### DATA SUPPLIED
··········

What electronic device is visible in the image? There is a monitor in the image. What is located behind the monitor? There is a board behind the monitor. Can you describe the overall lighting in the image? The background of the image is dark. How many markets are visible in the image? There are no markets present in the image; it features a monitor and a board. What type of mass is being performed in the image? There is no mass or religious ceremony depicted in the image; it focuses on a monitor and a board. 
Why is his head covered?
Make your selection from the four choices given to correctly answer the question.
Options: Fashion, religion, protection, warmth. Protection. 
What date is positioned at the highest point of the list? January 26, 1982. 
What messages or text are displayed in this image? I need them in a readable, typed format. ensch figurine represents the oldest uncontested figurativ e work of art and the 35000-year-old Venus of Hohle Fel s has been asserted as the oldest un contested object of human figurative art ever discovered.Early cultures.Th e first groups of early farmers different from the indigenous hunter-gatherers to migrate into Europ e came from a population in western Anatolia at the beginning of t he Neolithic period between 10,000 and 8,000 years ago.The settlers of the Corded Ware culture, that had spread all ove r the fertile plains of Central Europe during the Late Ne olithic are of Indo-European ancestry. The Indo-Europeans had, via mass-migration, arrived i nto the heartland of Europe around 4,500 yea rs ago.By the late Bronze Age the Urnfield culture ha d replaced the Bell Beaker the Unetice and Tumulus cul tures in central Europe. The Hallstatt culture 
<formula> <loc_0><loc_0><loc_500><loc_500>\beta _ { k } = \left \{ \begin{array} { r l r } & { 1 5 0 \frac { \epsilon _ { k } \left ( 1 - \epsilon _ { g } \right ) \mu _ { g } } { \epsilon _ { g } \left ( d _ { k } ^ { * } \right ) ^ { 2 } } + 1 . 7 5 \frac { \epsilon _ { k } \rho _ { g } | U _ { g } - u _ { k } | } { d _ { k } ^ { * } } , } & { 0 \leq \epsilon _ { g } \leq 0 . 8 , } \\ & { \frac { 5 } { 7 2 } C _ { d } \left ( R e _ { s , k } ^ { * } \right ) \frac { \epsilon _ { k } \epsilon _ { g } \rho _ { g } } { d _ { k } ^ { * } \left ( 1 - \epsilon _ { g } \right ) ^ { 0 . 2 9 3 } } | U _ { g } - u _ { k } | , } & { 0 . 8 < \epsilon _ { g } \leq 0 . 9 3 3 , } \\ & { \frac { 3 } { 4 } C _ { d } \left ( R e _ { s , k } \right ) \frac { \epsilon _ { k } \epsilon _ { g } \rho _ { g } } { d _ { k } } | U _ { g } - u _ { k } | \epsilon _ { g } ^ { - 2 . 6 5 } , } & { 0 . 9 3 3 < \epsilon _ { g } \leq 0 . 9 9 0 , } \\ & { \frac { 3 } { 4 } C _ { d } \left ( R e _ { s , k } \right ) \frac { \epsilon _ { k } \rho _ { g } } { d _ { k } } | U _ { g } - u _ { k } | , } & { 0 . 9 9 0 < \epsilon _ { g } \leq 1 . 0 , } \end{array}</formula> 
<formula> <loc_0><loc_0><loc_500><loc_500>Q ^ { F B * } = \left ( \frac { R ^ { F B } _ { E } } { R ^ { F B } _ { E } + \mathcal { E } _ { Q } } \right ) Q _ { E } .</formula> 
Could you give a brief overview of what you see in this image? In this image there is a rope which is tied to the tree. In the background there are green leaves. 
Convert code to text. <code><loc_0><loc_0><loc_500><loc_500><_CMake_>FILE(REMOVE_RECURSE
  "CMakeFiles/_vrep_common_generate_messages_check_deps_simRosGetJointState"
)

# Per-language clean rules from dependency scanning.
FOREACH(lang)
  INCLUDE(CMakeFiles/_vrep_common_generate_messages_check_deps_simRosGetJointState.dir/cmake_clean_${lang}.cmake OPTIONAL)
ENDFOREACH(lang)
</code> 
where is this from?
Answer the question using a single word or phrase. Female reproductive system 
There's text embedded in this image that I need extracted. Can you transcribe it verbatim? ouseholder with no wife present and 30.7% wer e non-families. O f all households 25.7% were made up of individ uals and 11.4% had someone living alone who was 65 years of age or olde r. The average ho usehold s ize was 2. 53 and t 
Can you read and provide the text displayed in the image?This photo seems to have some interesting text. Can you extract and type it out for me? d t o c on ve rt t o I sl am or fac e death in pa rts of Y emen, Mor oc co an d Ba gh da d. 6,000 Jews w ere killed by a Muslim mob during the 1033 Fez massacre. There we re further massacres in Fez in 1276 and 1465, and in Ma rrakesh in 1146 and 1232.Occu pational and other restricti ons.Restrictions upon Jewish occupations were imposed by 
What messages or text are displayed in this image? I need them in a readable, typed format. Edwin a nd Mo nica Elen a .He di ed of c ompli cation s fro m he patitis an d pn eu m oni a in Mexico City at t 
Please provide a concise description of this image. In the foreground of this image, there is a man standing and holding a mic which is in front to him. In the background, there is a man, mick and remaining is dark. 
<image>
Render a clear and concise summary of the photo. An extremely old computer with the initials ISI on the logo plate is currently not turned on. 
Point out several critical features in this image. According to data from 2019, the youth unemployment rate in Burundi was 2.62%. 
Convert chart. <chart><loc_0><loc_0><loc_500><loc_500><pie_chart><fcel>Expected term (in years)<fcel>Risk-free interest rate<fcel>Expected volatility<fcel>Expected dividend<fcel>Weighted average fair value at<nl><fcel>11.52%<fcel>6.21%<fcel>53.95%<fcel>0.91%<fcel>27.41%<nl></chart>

··········

### WHAT IS NEEDED
Going through the listing, tally each line that contains "code", then state the total with no other text.

### EXERCISE RESULT
2